Under neon billboards only the bones of Cyrus Eidlitz's Italian Renaissance Times Building survive. photo by TastyPoutine |
Until the last years of the 19th century New York’s
newspapers were centered on Park Row, knicknamed “Newspaper Row,” in lower
Manhattan. James Gordon Bennett, Jr.
made a gutsy decision in 1893 to abandon the newspaper district and following
the northward expansion of commerce. He
leased the triangular plot of land at the intersection of Broadway and 6th
Avenue, between 35th and 36th Streets—an oddly shaped
piece of land that would become Herald Square.

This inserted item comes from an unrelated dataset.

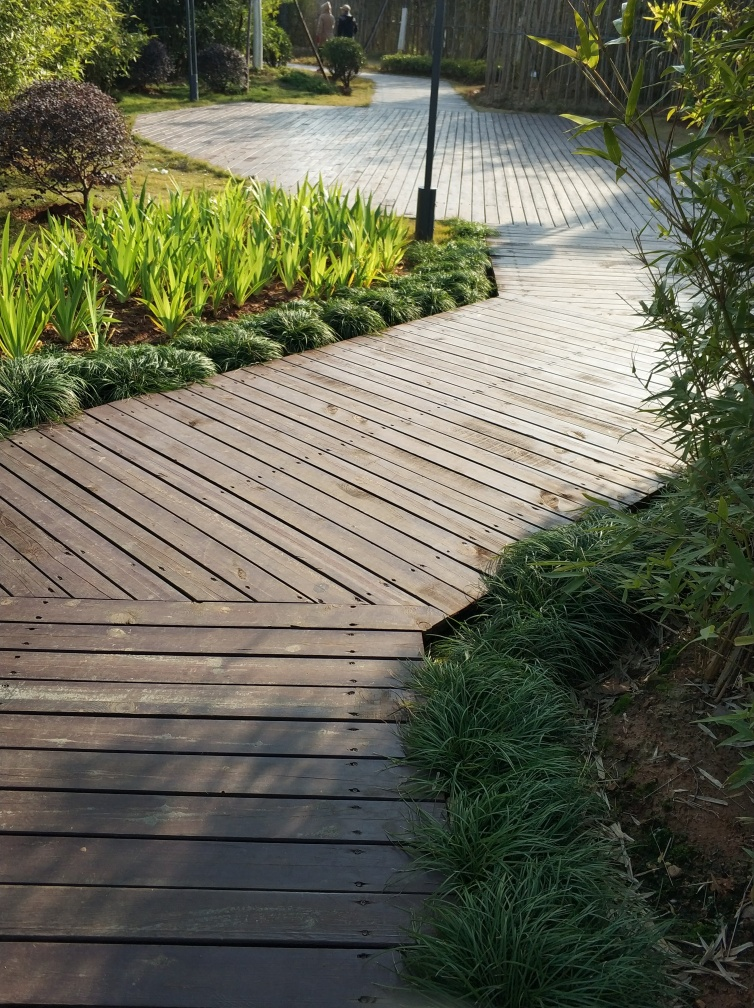Could you infer the kind of location or setting this pathway is in? The pathway appears to be in a public park or a similar recreational area, judging by the well-maintained landscaping, the presence of a lamp post, and what looks like a paved area in the distance, which may cater to pedestrians. The design and care suggest that it's a place meant for leisurely walks and enjoying nature.

A decade later The New York Times would follow, going even
further uptown. At the turn of the
century Longacre Square was somewhat overlooked. The center of Manhattan’s carriage building
industry, it was named after Long Acre in London—that city’s carriage
center. But the nearby Grand Central
train station on 42nd Street and the proposed Pennsylvania Station
on 34th spelled doom for the old buildings of Longacre Square. Already theaters had begun moving here from
the 23rd Street entertainment district.
In 1898 the Lyceum Theatre sat at the corner of 42nd Street and Broadway -- photo by Byron Company, Valentine's Manual of New York (copyright expired) |
By August 4, 1902, when The New York Times made its
surprising announcement, modern hotels and theaters had already begun to dot
the urban landscape. Like The Herald, the
newspaper had acquired a triangular-shaped plot. It was bounded by Broadway, West 42nd
Street, and Seventh Avenue and The Times said it “will at once begin the
erection thereon of a large modern steel-construction building, primarily for
its own use.” The announcement named
Cyrus L. W. Eidlitz, son of influential architect Leopold Eidlitz, as the
architect.
Most of the plot of land was taken up by the once upscale
Pabst Hotel. Otto Strach, one of its
architects, put the cost of the building at $225,000 and its interior
decorative work at $60,000. The New-York
Tribune said of it “The Pabst Hotel prided itself upon its bar and its
rathskeller. No money was spared to make
both attractive.” But the handsome hotel
would have to make way for the 20th century.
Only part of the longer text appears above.